What is ETL? (Extract Transform Load) | Informatica Canada

  • Can reduce the size of our data sets by selecting columns, making simple transformations

  • Continuous metric generation: live leaderboard for a mobile game

  • Responsive analytics: look for certain criteria and build alerting (filtering input data set and looking at anomolies)

Features:

  • Pay only for resources consumed (but it's not cheap)

  • Serverless; scales automatically.

    • No capacity planning is needed
  • Use IAM permissions to access streaming source and destination(s)

  • SQL or Flink to write the computation

    • Apache Flink applications: they're very powerful, they actually way more powerful than the SQL applications, you can do a lot more with it.

    • Apache Flink is now becoming a standard in the streaming analytics space.

  • Schema discovery

  • Lambda can be used for pre-processing

Machine Learning on Kinesis Data Analytics

There are two algorithms that you can do directly in Kinesis Data Analytics and you need to remember them:

  1. RANDOM_CUT_FOREST

    • Anomaly detection on a numeric column in a stream.

    • If we look at the diagrams below, we can see most of the data points are in the center but four data points in red are outside the center, and so they look like anomalies, and so this random cut forest algorithm will detect these anomalies.

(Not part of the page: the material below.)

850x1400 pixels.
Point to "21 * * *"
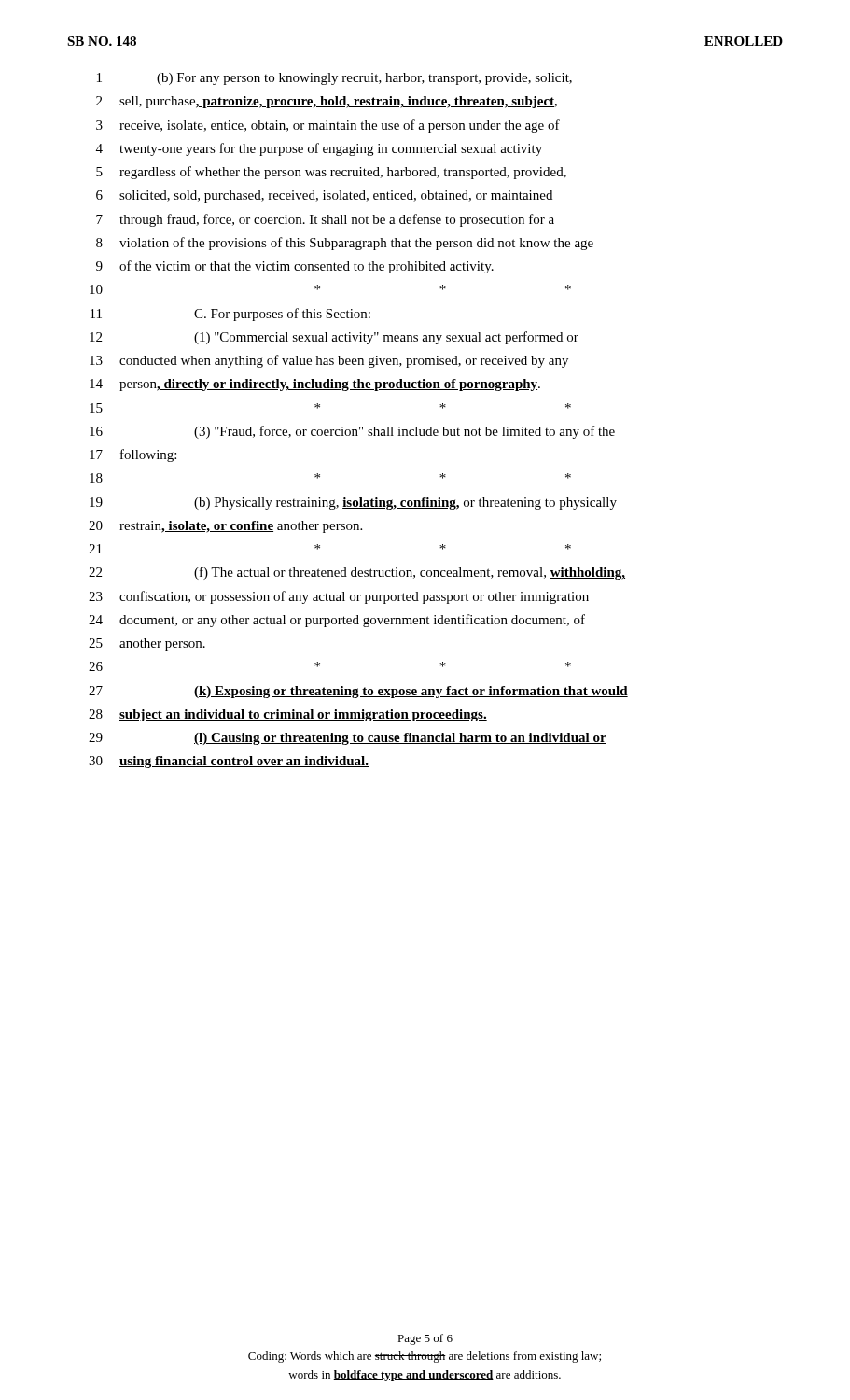tap(93, 548)

  • You need to remember that this random cut forest is an algorithm that adapts over time, so it only uses recent history to compute the model
  1. HOTSPOTS:

    • locates and return information about relatively dense regions in your data

    • Example: a collection of overheated servers in a data center

    • allows you to locate and return information about relatively deep, dense regions in your data.

    • Not as ever-changing

These two algorithms are very very different; the first one is to detect anomalies, the second one is to detect dense areas, and you have to remember that the first one allows you to use only the recent history - so there is an ever-changing model, the second one is less ever-changing and allows you to detect dense locations.

Kinesis Video Streams

  • Producers:

    • Security camera, body-worn camera, AWS DeepLens, smartphone camera, audio feeds, images, RADAR data, RTSP camera etc.
  • Convention is to have one producer per video stream

    • If you have 1000 cameras, you will have 1000 video streams
  • Video playback capability

    • Can show live feed to applications / users
  • Consumers

    • build your own (MXNet, Tensorflow)

    • AWS SageMaker

    • Amazon Rekognition Video

  • Can keep data for 1 hour to 10 years

Kinesis Video Streams use cases from Amazon blog (opens in a new tab):

  1. Kinesis video stream is consumed in real-time by an application that is running in a docker container on Fargate

    • Could be EC2 aswell
  2. That application will be checkpointing the progress of the stream conception into DynamoDB, because it is a consumer so it wants to make sure that if the docker container is stopped then it can retrieve and come back to where it was at the same point of consumption

  3. Then all the frames that have been decoded by the application itself, will be sent to SageMaker for doing machine learning-based inference.

  4. Using these results we publish all the inference results into a Kinesis data stream that we have created.

  5. The Kinesis data stream can be consumed by a Lambda function for example to get notification in real time.

So with this kind of architecture, we're able to apply machine learning algorithms directly in real-time to a video stream and send and convert this into tangible actionable data, into Kinesis data stream. So that our other applications can consume that stream, and perform whatever is needed, for example notifications.